= EXERCISE OBJECTIVE =
From the data below, copy exactly the lines that lie between the one holding "figurine in the scene." and the one holding "- action figure (345, 122, 436, 208)", including both, and nothing more.
──────── THE DATA
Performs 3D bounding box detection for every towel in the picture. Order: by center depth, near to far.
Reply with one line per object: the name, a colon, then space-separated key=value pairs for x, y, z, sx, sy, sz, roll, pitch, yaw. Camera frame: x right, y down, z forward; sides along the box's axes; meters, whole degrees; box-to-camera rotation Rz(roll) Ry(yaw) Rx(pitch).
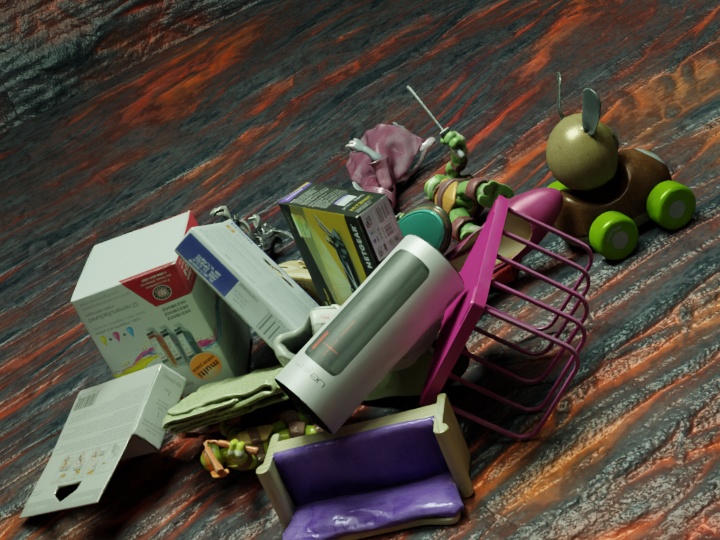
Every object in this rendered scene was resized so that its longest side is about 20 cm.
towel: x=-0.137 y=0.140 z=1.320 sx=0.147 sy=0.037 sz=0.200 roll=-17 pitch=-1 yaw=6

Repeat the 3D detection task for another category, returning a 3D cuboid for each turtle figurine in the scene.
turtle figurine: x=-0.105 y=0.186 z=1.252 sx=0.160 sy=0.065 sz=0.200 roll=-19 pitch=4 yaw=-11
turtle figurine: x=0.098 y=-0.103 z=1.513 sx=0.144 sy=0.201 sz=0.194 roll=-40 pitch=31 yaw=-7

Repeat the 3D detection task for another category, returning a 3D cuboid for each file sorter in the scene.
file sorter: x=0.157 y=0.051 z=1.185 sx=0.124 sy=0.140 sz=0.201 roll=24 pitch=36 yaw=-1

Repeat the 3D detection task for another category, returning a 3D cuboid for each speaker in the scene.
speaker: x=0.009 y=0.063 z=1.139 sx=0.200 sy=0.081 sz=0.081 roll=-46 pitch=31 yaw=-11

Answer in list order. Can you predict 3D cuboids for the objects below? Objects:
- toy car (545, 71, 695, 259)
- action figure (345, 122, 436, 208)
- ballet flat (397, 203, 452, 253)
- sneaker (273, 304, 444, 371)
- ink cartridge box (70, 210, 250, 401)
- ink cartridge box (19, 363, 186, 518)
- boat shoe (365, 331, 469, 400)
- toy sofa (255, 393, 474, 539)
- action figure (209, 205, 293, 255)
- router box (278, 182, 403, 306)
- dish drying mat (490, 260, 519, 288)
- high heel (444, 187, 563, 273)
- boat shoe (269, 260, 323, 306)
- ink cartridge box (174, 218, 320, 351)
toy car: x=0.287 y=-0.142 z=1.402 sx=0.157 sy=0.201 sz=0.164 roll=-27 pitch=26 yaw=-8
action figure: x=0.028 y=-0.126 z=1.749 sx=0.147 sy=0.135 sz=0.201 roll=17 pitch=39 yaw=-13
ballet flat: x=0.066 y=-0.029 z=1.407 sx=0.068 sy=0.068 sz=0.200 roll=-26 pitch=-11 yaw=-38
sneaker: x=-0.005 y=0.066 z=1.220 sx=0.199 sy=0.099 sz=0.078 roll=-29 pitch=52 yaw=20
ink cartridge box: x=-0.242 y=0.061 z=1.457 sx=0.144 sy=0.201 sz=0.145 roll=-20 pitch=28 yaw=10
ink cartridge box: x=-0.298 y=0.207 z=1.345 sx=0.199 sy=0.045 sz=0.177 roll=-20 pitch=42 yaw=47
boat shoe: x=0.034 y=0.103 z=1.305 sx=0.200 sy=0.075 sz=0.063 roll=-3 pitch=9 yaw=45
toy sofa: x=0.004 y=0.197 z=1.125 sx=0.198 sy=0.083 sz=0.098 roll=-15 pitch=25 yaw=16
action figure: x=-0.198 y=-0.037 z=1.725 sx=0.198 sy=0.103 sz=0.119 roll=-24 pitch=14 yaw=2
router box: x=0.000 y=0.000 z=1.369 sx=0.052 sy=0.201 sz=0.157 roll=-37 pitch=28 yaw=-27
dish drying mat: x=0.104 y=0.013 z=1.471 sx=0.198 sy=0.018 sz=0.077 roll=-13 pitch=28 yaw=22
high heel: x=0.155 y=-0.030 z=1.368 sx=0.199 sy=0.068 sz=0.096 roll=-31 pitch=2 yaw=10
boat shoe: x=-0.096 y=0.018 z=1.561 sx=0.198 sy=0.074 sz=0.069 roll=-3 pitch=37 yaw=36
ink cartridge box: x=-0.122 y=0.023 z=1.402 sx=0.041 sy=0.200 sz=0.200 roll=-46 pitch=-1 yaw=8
────────────────
──────── THE DATA
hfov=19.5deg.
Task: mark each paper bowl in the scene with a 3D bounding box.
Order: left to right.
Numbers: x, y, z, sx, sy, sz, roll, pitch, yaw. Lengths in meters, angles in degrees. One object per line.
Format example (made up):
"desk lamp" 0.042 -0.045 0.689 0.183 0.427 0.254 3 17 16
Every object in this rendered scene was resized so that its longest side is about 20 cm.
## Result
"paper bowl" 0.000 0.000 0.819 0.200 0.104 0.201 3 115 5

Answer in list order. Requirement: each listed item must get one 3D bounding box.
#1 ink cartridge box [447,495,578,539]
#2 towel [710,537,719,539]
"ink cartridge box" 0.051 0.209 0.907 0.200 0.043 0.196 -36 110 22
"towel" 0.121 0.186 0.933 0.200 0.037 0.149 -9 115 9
────────────────
= SOLUTION =
Repeat the 3D detection task for another category, returning a 3D cuboid for each turtle figurine in the scene.
turtle figurine: x=-0.105 y=0.186 z=1.252 sx=0.160 sy=0.065 sz=0.200 roll=-19 pitch=4 yaw=-11
turtle figurine: x=0.098 y=-0.103 z=1.513 sx=0.144 sy=0.201 sz=0.194 roll=-40 pitch=31 yaw=-7

Repeat the 3D detection task for another category, returning a 3D cuboid for each file sorter in the scene.
file sorter: x=0.157 y=0.051 z=1.185 sx=0.124 sy=0.140 sz=0.201 roll=24 pitch=36 yaw=-1

Repeat the 3D detection task for another category, returning a 3D cuboid for each speaker in the scene.
speaker: x=0.009 y=0.063 z=1.139 sx=0.200 sy=0.081 sz=0.081 roll=-46 pitch=31 yaw=-11

Answer in list order. Can you predict 3D cuboids for the objects below? Objects:
- toy car (545, 71, 695, 259)
- action figure (345, 122, 436, 208)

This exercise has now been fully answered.